Bereits verabredet wurden massive Hilfen für die Unterbringung der bereits zweieinhalb Millionen syrischen Flüchtlinge in der Türkei. Gleichzeitig soll das Land seine Küsten besser sichern, helfen, die illegale Migration zu unterbinden und jene, die es doch nach Griechenland schaffen, wieder zurücknehmen. Im Gegenzug darf die Türkei eine begrenzte Zahl syrischer Flüchtlinge in die EU weiterreisen lassen. Beim Auswahlprozedere sind noch Details zu klären, das Prinzip allerdings sei klar, sagt Bundeskanzlerin Angela Merkel: "Das wird nicht die Türkei alleine entscheiden, sondern wir haben uns vorgenommen, das sind grad die Details die noch ausgearbeitet werden müssen, dass bei einer solchen Entscheidung dann natürlich der UNHCR, also der UN-Flüchtlingsrat, eine Bedeutung haben muss. Das heißt, dort gibt es eine lange Erfahrung. Welche Familien sind besonders bedürftig? Wo ist das angebracht? Da wird eine wirklich objektive Auswahl getroffen."    

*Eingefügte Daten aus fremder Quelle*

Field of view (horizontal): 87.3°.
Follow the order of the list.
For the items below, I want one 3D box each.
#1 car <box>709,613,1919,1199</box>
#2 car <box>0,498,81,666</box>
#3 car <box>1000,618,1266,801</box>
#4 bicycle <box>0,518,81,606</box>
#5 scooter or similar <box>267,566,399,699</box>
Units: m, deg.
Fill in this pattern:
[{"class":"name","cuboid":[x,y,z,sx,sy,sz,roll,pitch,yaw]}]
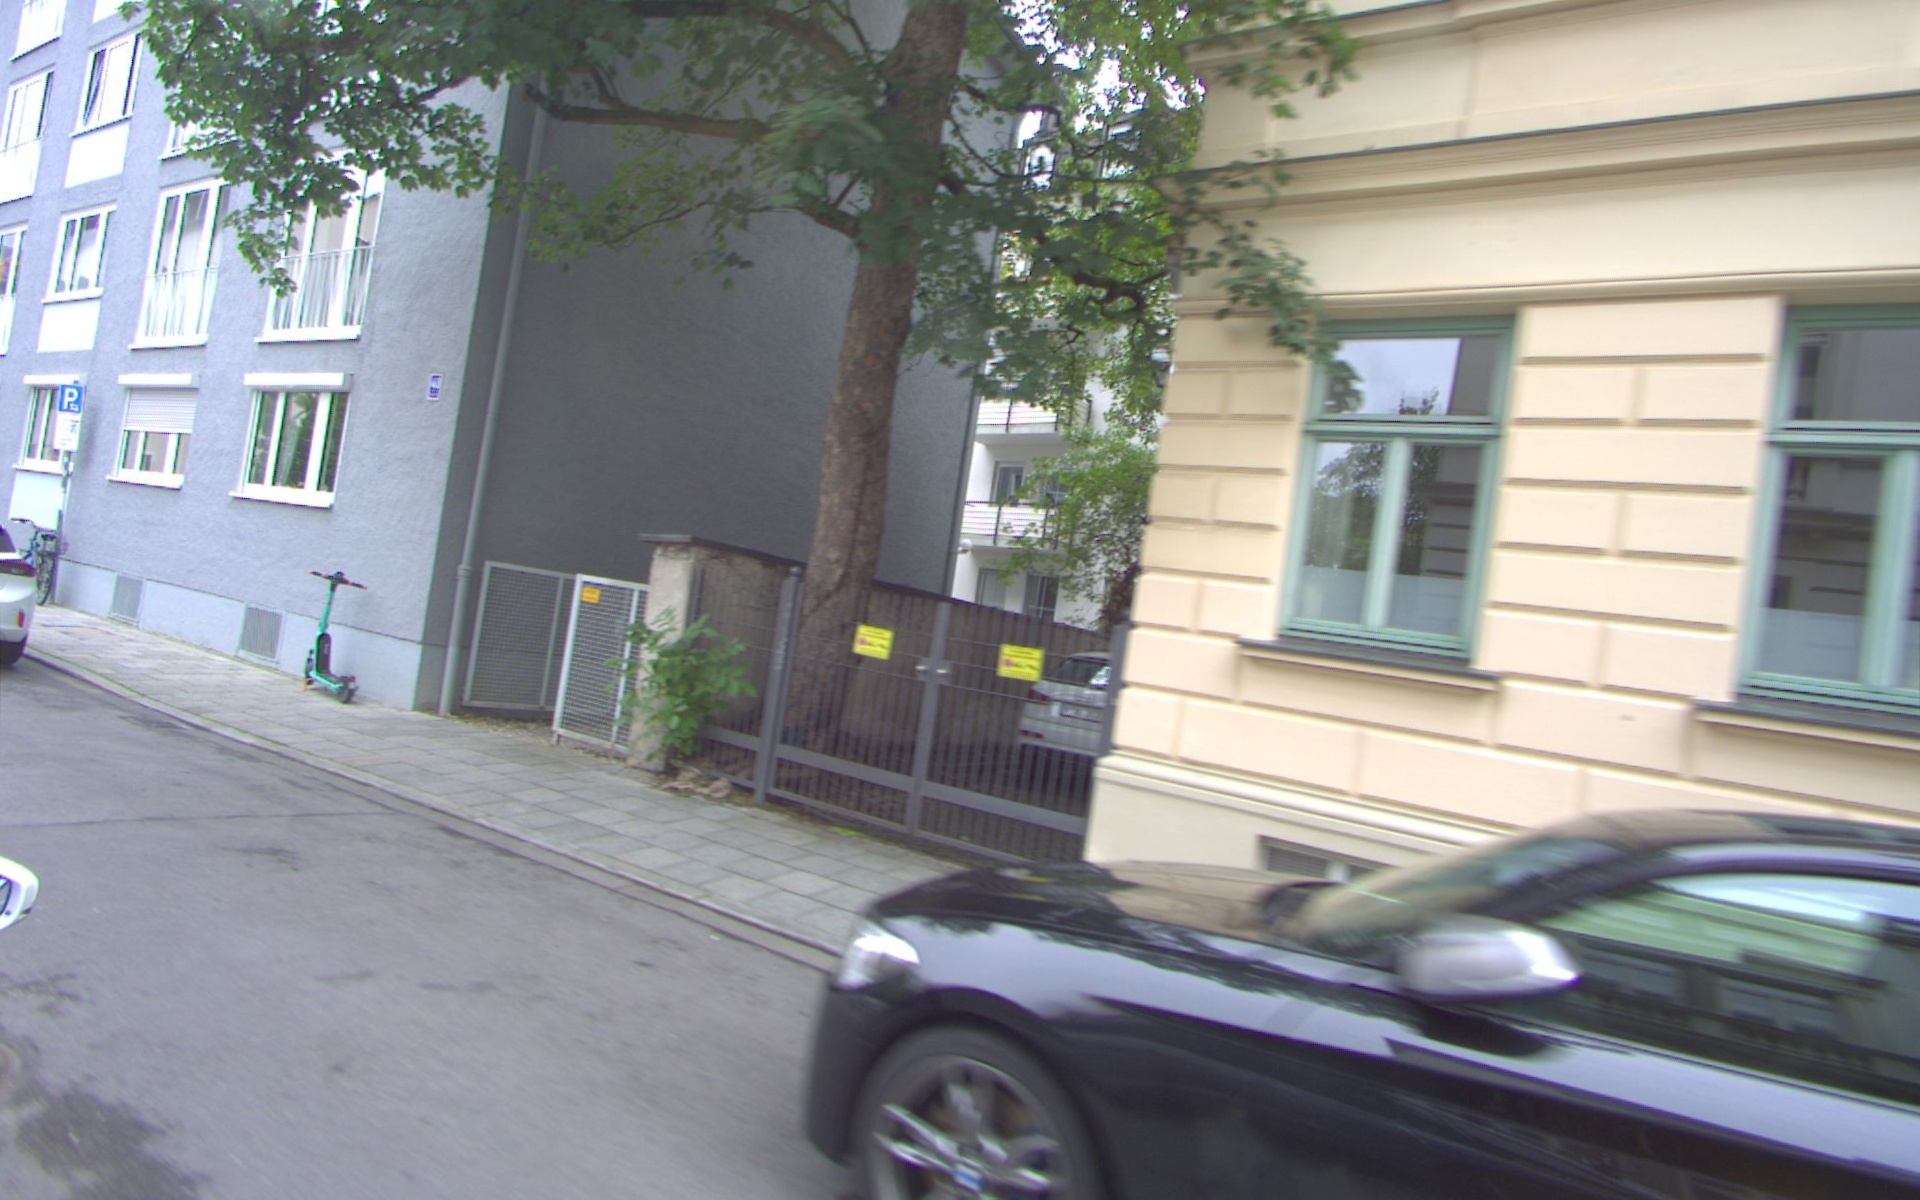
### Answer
[{"class":"car","cuboid":[1.820,1.091,2.260,4.433,1.388,1.862,7,-4,30]},{"class":"car","cuboid":[-10.714,-0.484,9.919,4.273,1.459,1.776,7,-6,32]},{"class":"car","cuboid":[2.228,1.304,12.007,1.817,1.591,3.813,8,-3,29]},{"class":"bicycle","cuboid":[-13.625,-0.575,14.872,1.658,1.123,0.378,7,-1,32]},{"class":"scooter or similar","cuboid":[-6.452,0.324,10.330,1.353,1.188,0.506,7,-1,33]}]

AfD hat laut Merkel kein wirkliches Flüchtlingskonzept

Angela Merkel hofft, dass es durch die Kooperation mit der Türkei gelingt, die Flüchtlingszahlen deutlich zu reduzieren. Anderenfalls würde der innenpolitische Druck auf sie weiter zunehmen, auch durch das Erstarken der AfD, die bisher allerdings kein Konzept habe, über das man reden könnte: "Aber, ich sage auch, dass die Menschen Sorgen haben und sie sehen, dass das Thema Flüchtlinge noch nicht so gelöst ist, dass sie den Eindruck haben, dass wir da schon alle Probleme bewältigt haben. Dazu gehört die Frage, werden die, die kein Bleiberecht haben, die nicht aus Schutz vor Krieg und Verfolgung zu uns kommen, auch wirklich dann wieder nach Hause gebracht. Zweitens kommt es zu der Frage, dass Wohnraum knapp wird, dass die Sicherheit in Gefahr ist."

Auf all diese Fragen müsse die Politik Antworten geben. Auf den bevorstehenden Wahlsonntag wird dies aber vermutlich wenig Einfluss haben. Abgeschrieben hat die CDU-Vorsitzende noch keine der drei Landtagswahlen. Aber sie ahnt wohl schon, dass es für die Union schlecht laufen könnte.